Resident Evil 5 Dev Talks Demo Feedback
MTV's Multiplayer blog sat down with Jun Takeuchi, producer for Capcom's Resident Evil 5, about the feedback they've gotten from the game's demo, which has been downloaded over 4 million times. He comments on the changed control scheme, which has generated a lot of discussion and criticism, by suggesting that their decision will become clear once the full game is out. "We understand that there are many people who want to run and shoot at the same time, but it's not the right alignment for the game." He also says the finished game will have shorter loading times, and he briefly discusses the media-fueled race controversy over the fact that Africa's zombies have dark skin. Takeuchi says, "People will be able to play the game and see what it is for themselves." Kotaku recently ran a preview of Resident Evil 5.
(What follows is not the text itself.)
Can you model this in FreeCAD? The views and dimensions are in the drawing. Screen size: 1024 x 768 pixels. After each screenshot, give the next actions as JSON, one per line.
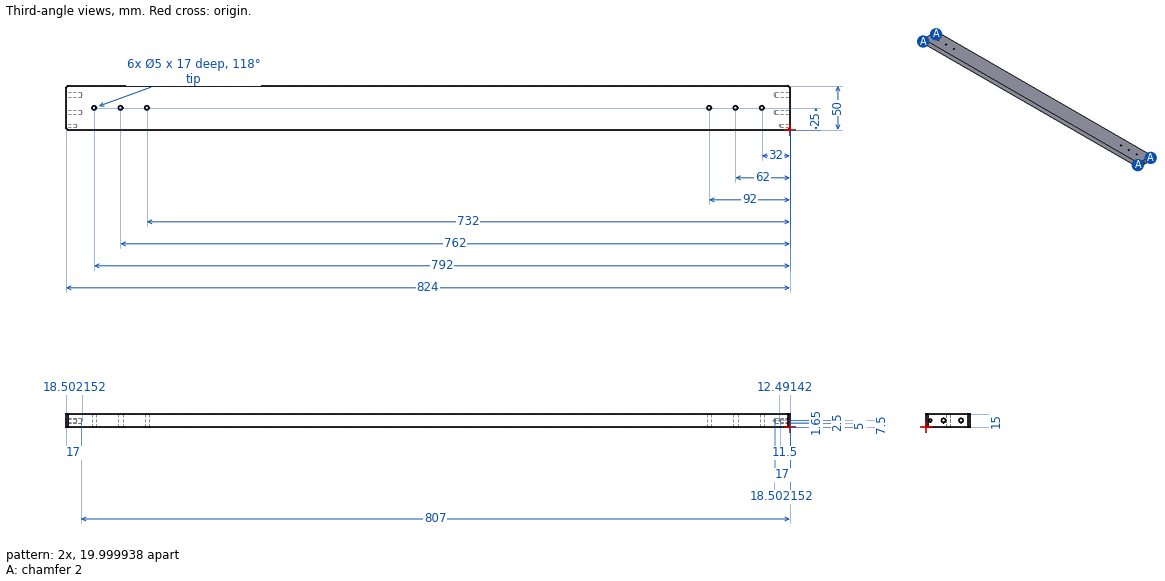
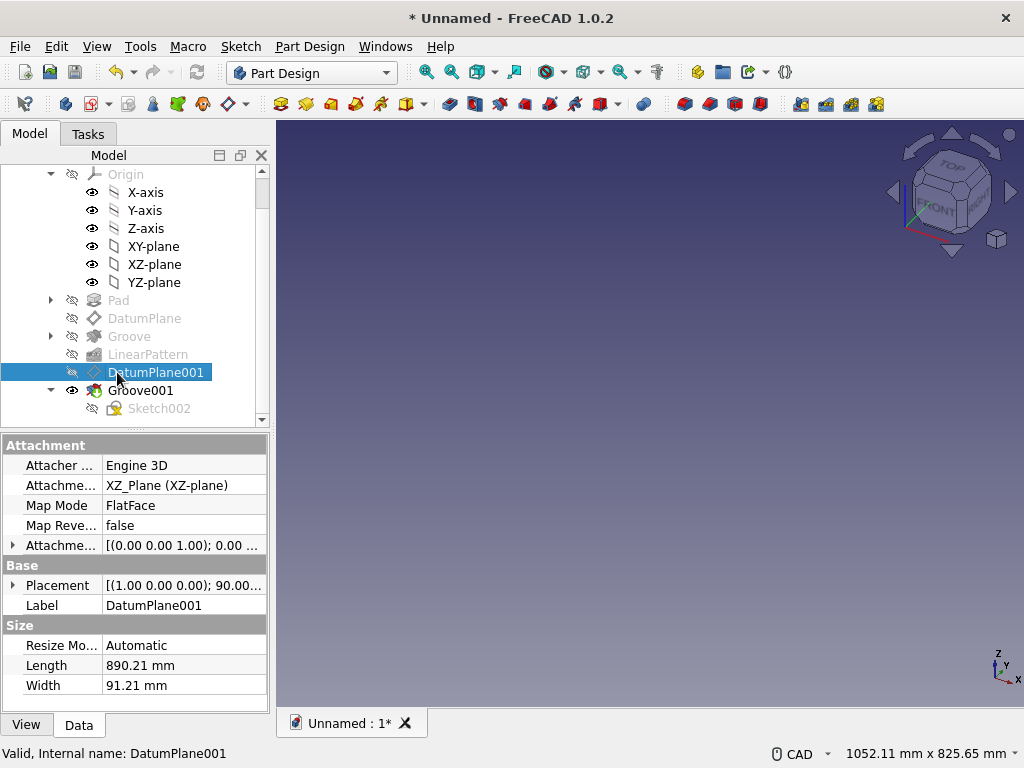
{"action": "left_click", "coordinate": [427, 72]}

The moron who wrote the article decided that every piece of zombie lore and the objective of every zombie game and movie suddenly is racist if the zombies are black.
"It's like they're all dangerous; they all need to be killed. It's not even like one cute African -- or Haitian or Caribbean -- child could be saved. They're all dangerous men, women and children. They all have to be killed." - like all the other zombie games where you try to save the zombies. Or most modern FPS. Or space invaders. Killing everything has a long tradition in video games.
"this dark, dangerous continent filled with people who only want to do you harm goes back a long, long way." - yeah, the first zombie movies used it, and so did King Kong, the Odyssey, "here there be sea monsters", etc.
"he doesn't really interact with them, he sort of walks through this thing and it's sort of, "Is he there? Is he not?" It's a very strange thing, and it taps into sort of this very racist iconography" - Noninteractive characters in video games are now racist?
"The music that they're using in the trailer is very reminiscent of the music used in Black Hawk Down which was set in Africa -- Somalia" - Oh just give me a fucking break already. You're really stretching this stuff.
This next quote rams my point home:
"The imagery is not the same. It doesn't carry the same history, it doesn't carry the same weight." - So, since the zombies are black, and there's a different history, shooting a black zombie has much more weight than killing a white one. Under this standard, RE4 is full of racism if you look at Spanish history.
Sorry, but the arguments claiming racism were pathetic. Especially the first one:
"Wow, clearly no one black worked on this game." - The only truly racist thing I found in the whole article, because it:
a. creates a stereotype ("all black people think like me, no non-black could possibly think like me")
b. makes a wildly inaccurate assumption based on personal prejudice (see above)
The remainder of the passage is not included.